Exercise requirements:
The expected output is the exact lines from the one containing "implicit val decoder: Decoder[TransferDetails]" through the end of the data, inclusive, and nothing else.

#####

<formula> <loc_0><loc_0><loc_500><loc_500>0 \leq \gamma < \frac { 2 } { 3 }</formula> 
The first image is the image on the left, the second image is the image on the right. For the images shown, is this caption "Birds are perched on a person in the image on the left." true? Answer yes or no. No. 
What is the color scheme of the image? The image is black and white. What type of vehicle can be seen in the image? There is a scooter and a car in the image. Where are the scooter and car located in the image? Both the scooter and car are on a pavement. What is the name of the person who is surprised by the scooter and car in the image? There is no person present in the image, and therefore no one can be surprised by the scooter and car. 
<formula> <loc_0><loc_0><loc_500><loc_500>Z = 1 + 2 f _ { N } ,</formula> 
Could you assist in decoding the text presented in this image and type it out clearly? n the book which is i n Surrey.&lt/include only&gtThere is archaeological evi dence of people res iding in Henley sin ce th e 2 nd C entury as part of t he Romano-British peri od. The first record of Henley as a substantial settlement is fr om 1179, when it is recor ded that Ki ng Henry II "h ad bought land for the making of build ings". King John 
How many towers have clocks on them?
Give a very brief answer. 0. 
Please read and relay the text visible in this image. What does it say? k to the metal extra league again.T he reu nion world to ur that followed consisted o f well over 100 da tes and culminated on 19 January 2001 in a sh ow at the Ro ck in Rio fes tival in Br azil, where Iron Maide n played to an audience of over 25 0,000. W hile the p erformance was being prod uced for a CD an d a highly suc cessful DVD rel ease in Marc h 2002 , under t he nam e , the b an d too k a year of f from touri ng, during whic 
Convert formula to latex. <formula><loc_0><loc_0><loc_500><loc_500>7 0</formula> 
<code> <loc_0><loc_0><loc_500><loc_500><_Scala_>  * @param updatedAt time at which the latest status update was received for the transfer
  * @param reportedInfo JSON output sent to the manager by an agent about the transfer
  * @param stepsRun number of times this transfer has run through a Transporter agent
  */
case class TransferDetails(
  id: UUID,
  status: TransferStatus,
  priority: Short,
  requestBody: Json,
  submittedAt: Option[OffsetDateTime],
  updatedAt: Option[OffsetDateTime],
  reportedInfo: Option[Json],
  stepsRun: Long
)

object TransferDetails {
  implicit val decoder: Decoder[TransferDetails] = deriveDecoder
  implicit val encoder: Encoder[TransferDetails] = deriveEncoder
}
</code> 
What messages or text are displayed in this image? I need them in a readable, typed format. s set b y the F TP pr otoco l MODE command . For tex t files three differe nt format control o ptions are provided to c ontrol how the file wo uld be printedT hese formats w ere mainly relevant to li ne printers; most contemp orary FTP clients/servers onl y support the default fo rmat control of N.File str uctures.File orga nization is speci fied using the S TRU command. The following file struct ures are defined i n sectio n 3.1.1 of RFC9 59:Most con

#####

Output of the exercise:
  implicit val decoder: Decoder[TransferDetails] = deriveDecoder
  implicit val encoder: Encoder[TransferDetails] = deriveEncoder
}
</code> 
What messages or text are displayed in this image? I need them in a readable, typed format. s set b y the F TP pr otoco l MODE command . For tex t files three differe nt format control o ptions are provided to c ontrol how the file wo uld be printedT hese formats w ere mainly relevant to li ne printers; most contemp orary FTP clients/servers onl y support the default fo rmat control of N.File str uctures.File orga nization is speci fied using the S TRU command. The following file struct ures are defined i n sectio n 3.1.1 of RFC9 59:Most con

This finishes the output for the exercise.